▶ **Input data**
=== Begin Enclosure ===
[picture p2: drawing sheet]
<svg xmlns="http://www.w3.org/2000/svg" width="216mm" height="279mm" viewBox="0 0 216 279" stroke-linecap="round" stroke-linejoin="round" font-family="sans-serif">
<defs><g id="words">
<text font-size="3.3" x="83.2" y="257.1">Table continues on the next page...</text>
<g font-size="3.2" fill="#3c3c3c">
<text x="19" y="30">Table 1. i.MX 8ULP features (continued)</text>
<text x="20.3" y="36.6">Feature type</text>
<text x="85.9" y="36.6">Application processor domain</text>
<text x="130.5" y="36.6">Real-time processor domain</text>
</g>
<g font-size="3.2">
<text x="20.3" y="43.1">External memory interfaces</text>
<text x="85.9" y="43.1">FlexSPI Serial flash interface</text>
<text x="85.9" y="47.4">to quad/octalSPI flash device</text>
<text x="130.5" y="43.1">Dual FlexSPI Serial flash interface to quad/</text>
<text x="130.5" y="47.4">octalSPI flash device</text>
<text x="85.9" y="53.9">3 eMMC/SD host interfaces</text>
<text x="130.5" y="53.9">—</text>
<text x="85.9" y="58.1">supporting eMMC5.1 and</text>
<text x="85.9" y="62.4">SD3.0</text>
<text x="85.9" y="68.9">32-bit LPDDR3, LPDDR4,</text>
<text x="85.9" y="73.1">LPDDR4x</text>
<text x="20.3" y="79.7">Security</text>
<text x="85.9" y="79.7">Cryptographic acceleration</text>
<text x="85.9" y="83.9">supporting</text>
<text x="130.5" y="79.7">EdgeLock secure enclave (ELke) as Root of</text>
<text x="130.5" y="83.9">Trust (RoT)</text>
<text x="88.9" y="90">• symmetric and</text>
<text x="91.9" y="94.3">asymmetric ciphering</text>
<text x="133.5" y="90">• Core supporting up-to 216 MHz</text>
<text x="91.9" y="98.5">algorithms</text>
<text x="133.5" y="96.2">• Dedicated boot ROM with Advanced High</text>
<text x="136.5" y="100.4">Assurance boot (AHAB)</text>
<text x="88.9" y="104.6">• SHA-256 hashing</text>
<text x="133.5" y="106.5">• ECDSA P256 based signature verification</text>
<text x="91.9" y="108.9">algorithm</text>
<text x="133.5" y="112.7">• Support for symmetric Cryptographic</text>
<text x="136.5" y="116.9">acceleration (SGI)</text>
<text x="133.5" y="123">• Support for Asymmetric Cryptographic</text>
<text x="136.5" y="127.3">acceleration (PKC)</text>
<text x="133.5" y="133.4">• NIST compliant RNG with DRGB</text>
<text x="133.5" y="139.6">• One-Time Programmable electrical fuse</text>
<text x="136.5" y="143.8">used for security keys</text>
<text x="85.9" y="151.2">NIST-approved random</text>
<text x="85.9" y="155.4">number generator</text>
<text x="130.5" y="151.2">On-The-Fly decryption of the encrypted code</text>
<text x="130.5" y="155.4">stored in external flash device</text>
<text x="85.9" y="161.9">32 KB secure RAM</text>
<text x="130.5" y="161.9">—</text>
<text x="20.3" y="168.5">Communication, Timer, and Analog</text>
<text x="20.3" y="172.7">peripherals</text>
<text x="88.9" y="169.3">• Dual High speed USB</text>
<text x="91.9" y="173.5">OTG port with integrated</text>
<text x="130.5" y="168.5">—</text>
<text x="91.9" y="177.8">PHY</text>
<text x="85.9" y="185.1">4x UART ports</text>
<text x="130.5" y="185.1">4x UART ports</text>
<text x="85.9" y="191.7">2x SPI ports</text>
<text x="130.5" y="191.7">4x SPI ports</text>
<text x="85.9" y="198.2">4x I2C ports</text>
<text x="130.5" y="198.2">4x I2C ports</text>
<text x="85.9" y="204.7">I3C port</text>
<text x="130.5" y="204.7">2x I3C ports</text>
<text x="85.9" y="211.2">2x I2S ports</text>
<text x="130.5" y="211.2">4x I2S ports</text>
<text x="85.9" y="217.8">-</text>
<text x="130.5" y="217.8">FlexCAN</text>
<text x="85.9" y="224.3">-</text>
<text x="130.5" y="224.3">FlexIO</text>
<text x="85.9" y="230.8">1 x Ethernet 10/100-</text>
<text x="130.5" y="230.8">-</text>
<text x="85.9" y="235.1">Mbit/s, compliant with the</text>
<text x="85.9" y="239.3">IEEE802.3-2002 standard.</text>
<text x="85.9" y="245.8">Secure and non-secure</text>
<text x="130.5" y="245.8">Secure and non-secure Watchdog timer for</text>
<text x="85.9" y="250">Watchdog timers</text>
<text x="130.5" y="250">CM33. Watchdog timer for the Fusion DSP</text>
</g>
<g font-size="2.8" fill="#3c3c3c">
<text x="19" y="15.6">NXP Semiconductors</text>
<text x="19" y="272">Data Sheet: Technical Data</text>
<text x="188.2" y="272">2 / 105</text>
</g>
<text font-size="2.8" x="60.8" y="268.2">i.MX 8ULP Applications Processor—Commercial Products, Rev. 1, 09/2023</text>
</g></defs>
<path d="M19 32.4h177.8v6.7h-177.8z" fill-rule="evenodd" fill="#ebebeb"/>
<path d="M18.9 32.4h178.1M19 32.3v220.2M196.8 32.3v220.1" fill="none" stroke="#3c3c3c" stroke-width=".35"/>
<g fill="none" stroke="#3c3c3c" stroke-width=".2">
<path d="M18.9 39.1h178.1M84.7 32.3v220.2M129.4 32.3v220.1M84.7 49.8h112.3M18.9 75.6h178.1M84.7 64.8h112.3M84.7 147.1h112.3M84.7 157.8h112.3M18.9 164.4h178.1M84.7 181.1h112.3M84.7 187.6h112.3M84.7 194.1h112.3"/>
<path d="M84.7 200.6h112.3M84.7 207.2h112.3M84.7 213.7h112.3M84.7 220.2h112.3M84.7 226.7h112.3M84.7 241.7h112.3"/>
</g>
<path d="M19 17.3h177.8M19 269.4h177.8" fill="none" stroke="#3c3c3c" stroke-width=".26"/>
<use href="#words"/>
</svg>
=== End Enclosure ===
▶ **Problem to solve**
Take every line above carrying "acceleration" and return it.

▶ **Exercise solution**
<text x="85.9" y="79.7">Cryptographic acceleration</text>
<text x="136.5" y="116.9">acceleration (SGI)</text>
<text x="136.5" y="127.3">acceleration (PKC)</text>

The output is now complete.